Ein Lehmhaus, empfindlich, wie es gegen Feuchtigkeit ist, muß es mit „Hut und Stiefel“ vor Regen und Nässe geschützt werden. Dem feuchten Grundstück angepaßt, steht das Haus auf 87 „Stiefeln“, Betonpfeilern, und schwebt so 30 Zentimeter über der Erde. Holzgerüst des Fachwerks und Dachstuhl richtete der Zimmermann auf, das Dach deckte der Dachdecker mit Tonziegeln – ein weit herauskragendes Dach, ein Hut mit einer breiten Krempe. Zwischen den Holzstielen spannen sich diagonal verlaufende Stahlseile zur Aussteifung der Wände.

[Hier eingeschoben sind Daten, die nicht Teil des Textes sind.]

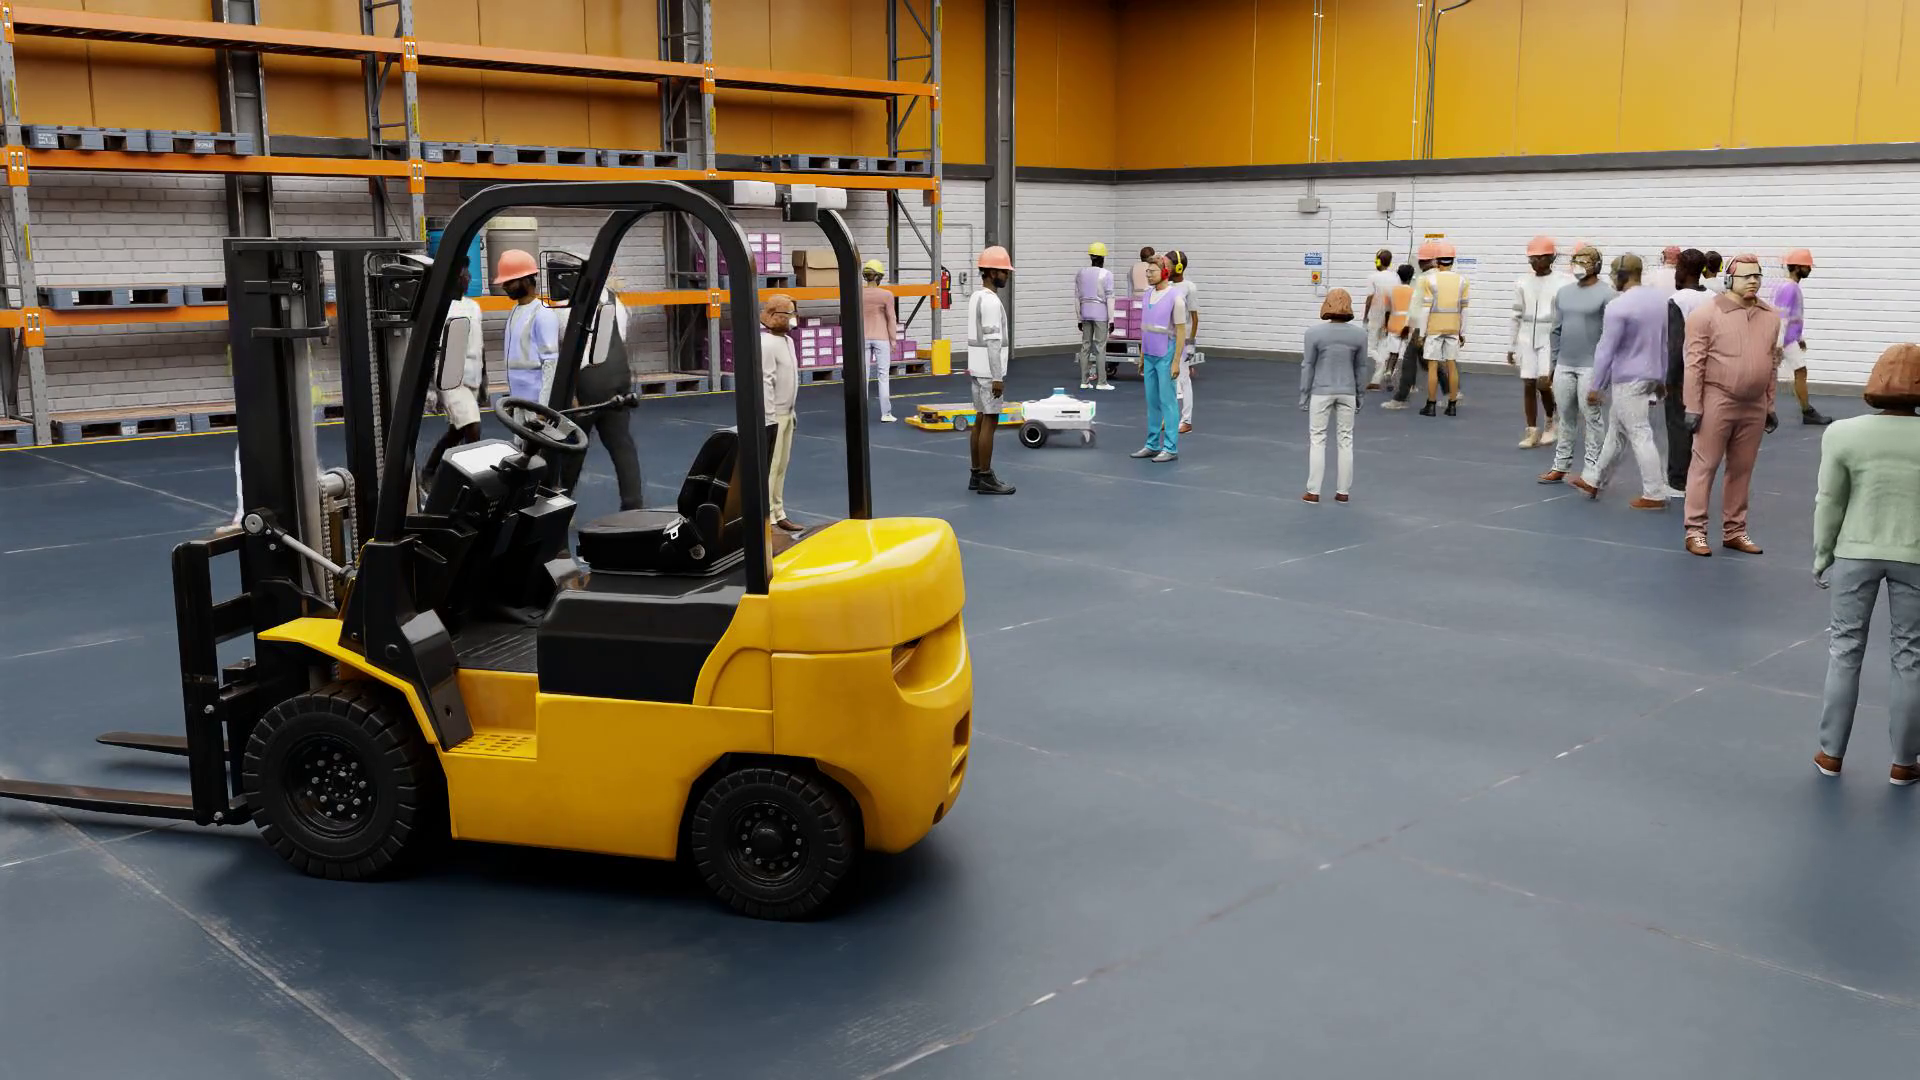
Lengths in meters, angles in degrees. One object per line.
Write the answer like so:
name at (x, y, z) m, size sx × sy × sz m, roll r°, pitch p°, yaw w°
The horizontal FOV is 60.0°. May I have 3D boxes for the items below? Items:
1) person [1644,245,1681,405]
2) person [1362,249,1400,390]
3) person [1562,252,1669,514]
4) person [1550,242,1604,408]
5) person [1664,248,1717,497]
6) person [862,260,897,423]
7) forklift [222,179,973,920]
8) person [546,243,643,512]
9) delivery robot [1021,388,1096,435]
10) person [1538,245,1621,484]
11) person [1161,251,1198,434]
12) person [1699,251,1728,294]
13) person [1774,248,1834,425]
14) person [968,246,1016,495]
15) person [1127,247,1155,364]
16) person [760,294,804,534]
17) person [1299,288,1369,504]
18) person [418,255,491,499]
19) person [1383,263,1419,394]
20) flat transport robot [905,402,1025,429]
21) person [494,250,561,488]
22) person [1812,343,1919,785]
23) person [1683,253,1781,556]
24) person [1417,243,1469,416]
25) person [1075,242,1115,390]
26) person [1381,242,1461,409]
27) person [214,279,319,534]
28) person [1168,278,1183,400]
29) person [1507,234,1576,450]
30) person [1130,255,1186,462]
person at (8.435, -2.563, 19.885) m, size 0.655 × 1.906 × 0.407 m, roll 0°, pitch 10°, yaw 0°
person at (5.480, -2.841, 21.559) m, size 0.535 × 1.850 × 0.633 m, roll -5°, pitch 11°, yaw -23°
person at (4.867, -1.168, 12.324) m, size 0.638 × 1.887 × 1.006 m, roll -8°, pitch 13°, yaw -36°
person at (7.253, -2.530, 19.608) m, size 0.626 × 1.950 × 1.004 m, roll 9°, pitch 14°, yaw 41°
person at (5.633, -1.288, 12.900) m, size 0.596 × 1.918 × 0.380 m, roll -8°, pitch 13°, yaw -38°
person at (-0.931, -2.147, 18.025) m, size 0.523 × 1.760 × 0.327 m, roll 3°, pitch 11°, yaw 15°
forklift at (-1.114, -0.058, 5.440) m, size 2.313 × 2.155 × 1.214 m, roll 2°, pitch 11°, yaw 13°
person at (-2.570, -1.070, 11.381) m, size 1.004 × 2.000 × 0.703 m, roll 6°, pitch 12°, yaw 29°
delivery robot at (0.952, -1.216, 15.955) m, size 0.707 × 0.478 × 0.477 m, roll 1°, pitch 11°, yaw 7°
person at (4.993, -1.385, 13.373) m, size 0.372 × 1.940 × 0.630 m, roll -7°, pitch 12°, yaw -32°
person at (2.221, -2.018, 17.030) m, size 0.332 × 1.866 × 0.514 m, roll -7°, pitch 12°, yaw -32°
person at (7.677, -2.032, 17.112) m, size 0.507 × 1.865 × 0.329 m, roll 0°, pitch 10°, yaw -2°
person at (8.868, -2.176, 17.872) m, size 1.001 × 1.891 × 0.547 m, roll 4°, pitch 11°, yaw 21°
person at (0.254, -1.324, 13.051) m, size 0.364 × 1.934 × 0.553 m, roll -2°, pitch 11°, yaw -13°
person at (2.933, -3.676, 26.131) m, size 0.622 × 1.845 × 0.429 m, roll 8°, pitch 13°, yaw 36°
person at (-1.215, -0.837, 11.216) m, size 0.270 × 1.632 × 0.504 m, roll 2°, pitch 11°, yaw 13°
person at (2.823, -1.082, 12.579) m, size 0.503 × 1.626 × 0.281 m, roll -1°, pitch 10°, yaw -3°
person at (-3.777, -1.195, 12.381) m, size 0.951 × 1.932 × 0.612 m, roll 4°, pitch 11°, yaw 19°
person at (5.615, -2.669, 21.106) m, size 0.545 × 1.674 × 0.628 m, roll 5°, pitch 12°, yaw 27°
flat transport robot at (0.199, -1.323, 17.586) m, size 1.431 × 0.197 × 0.652 m, roll -4°, pitch 11°, yaw -20°
person at (-2.844, -0.933, 10.944) m, size 0.374 × 1.928 × 0.542 m, roll -8°, pitch 13°, yaw -38°
person at (3.427, 0.091, 6.158) m, size 0.501 × 1.633 × 0.279 m, roll 6°, pitch 12°, yaw 31°
person at (4.900, -0.849, 10.543) m, size 0.648 × 1.907 × 0.409 m, roll -2°, pitch 11°, yaw -11°
person at (5.404, -2.352, 18.656) m, size 0.552 × 1.934 × 0.363 m, roll -1°, pitch 10°, yaw -5°
person at (1.777, -2.920, 21.777) m, size 0.588 × 1.927 × 0.370 m, roll 8°, pitch 13°, yaw 36°
person at (5.450, -2.501, 19.445) m, size 0.959 × 1.943 × 0.615 m, roll 0°, pitch 10°, yaw 1°
person at (-4.580, -0.871, 10.954) m, size 0.858 × 1.794 × 0.648 m, roll -9°, pitch 14°, yaw -40°
person at (2.620, -2.543, 20.517) m, size 0.313 × 1.636 × 0.517 m, roll -1°, pitch 10°, yaw -5°
person at (5.440, -1.846, 15.643) m, size 0.425 × 2.023 × 0.644 m, roll -10°, pitch 14°, yaw -44°
person at (1.812, -1.622, 14.929) m, size 0.375 × 1.840 × 0.575 m, roll -6°, pitch 12°, yaw -28°

Schräge, sichtbare Holzverstrebungen, die statt dessen im Fachwerkbau üblich sind, paßten für den Bauherrn Tilman nicht in sein rechteckiges Haus.

Tilman war inzwischen Experte im Lehmbau – zumindest theoretisch. Er hatte die drei Bücher der „Lehmbaupäpste“ studiert, hatte sich umgehört, mit diesem und jenem gesprochen. Fachleute fand er im Lehmbaukontor – Berlin/Brandenburg e.V., auf deren Wissen und Erfahrung er während des Baus immer wieder zurückgriff (Kasten Seite 33). Und er hatte zwei Lehmbauherren aufgespürt, die in Eberswalde und Hannover mit Leichtlehm bauten.

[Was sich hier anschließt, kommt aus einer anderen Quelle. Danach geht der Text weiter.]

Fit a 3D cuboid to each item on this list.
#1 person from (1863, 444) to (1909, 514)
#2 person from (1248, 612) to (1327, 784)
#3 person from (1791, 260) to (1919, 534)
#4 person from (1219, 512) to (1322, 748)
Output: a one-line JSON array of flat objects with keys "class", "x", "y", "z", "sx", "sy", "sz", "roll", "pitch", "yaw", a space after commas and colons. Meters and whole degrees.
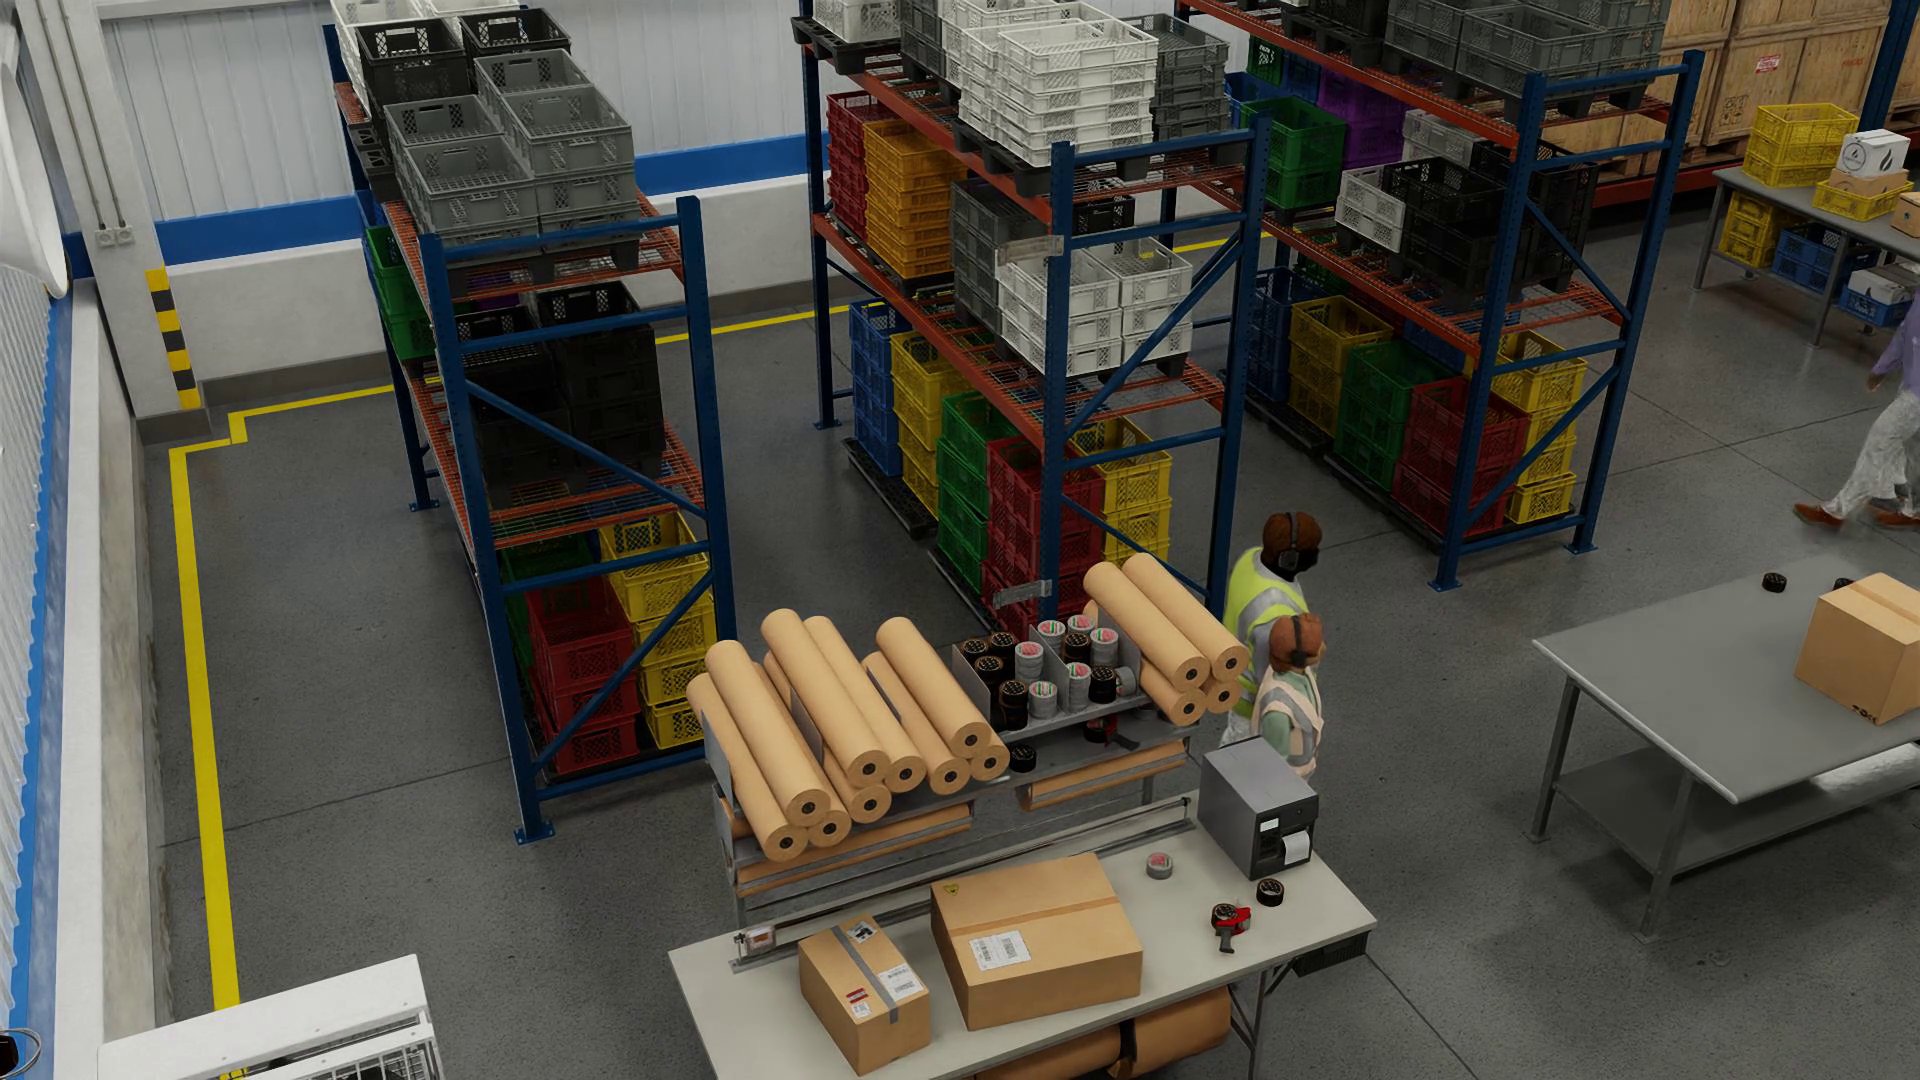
[{"class": "person", "x": 5.931, "y": -1.031, "z": 10.107, "sx": 0.361, "sy": 1.878, "sz": 0.579, "roll": 20, "pitch": 37, "yaw": 30}, {"class": "person", "x": 1.341, "y": 1.007, "z": 7.006, "sx": 0.306, "sy": 1.645, "sz": 0.521, "roll": 8, "pitch": 33, "yaw": 13}, {"class": "person", "x": 5.557, "y": -0.897, "z": 9.854, "sx": 0.906, "sy": 1.900, "sz": 0.669, "roll": 10, "pitch": 33, "yaw": 15}, {"class": "person", "x": 1.352, "y": 0.677, "z": 7.370, "sx": 0.430, "sy": 1.836, "sz": 0.629, "roll": 0, "pitch": 32, "yaw": 0}]

In der Praxis probierte Tilman aus: Steine oder Stampflehm, Kuhmist oder Pferdemist, mischen und immer wieder mischen. Es wurde ein Stampflehmhaus, außen Holzleichtlehm zur Wärmedämmung, innen Massivlehm zur Wärmespeicherung.

Für den Holzleichtlehm mischte er vier Eimer trockene Holzhackschnitzel mit einem Eimer Lehm in einer alten Bäckerknetmaschine, die er sich für 350 Mark besorgt hatte. Das Mischungsverhältnis hatte er schnell raus, nach dem Prinzip: „Lehm muß so gemischt werden, daß er frisch in der Hand zu einer Kugel geformt, die Kugel gerade noch bestehen bleibt, wenn man die Hand öffnet.“ 33 Zentimeter dick ist Tilmans Außenwand und genügt so den Anforderungen der Wärmeschutzverordnung. Bei den Innenwänden und Decken war es Massivlehm, für den er sich entschied – seine „Trägheit“ gefällt ihm: im Sommer langsam warm werdend, geben die Wände die Wärme im Winter langsam wieder in den Innenraum ab. Behaglichkeit – ein Trumpf des Lehmbaus.

Im oberen Teil der Wände ist es schwieriger zu stampfen, es ist kaum Platz durch die darüberliegenden Deckenbalken. Die Materialien für den Stampflehm wurden deshalb in eine vom Lehmbaukontor geliehene Handpresse gefüllt, gepreßt und vier Wochen abgedeckt im Freien getrocknet – fertig waren die Steine.

Geputzt wird mit einer Mischung aus Lehm, Sand, Strohhäcksel und Pferdedung. Stoßfest wird der Lehmputz durch die Zusätze, Risse während des Trocknens werden verhindert. Nicht nur der Pferdedung ist „Abfall“, den andere gern loswerden. Der Lehm ist Teil des Aushubs eines anderen Neubaus, drei Kilometer entfernt von Tilmans Baustelle, die Holzhackschnitzel stammen aus der nahe gelegenen Sägerei, die Bäckereimaschine hatte für ihre ursprünglichen Zwecke ausgedient.

So steht nun das Haus einträchtig neben der Blutbuche des Urgroßvaters, als wenn es schon immer dort gestanden hätte. Erde und Bäume im Obstgarten, Lehm und Holz im Haus: Einklang von innen und außen, von Natur und Menschgemachtem. In drei Wochen wird die Familie Morgeneyer ins Erdgeschoß einziehen – die Arbeit am Lehmhaus geht allerdings noch weiter.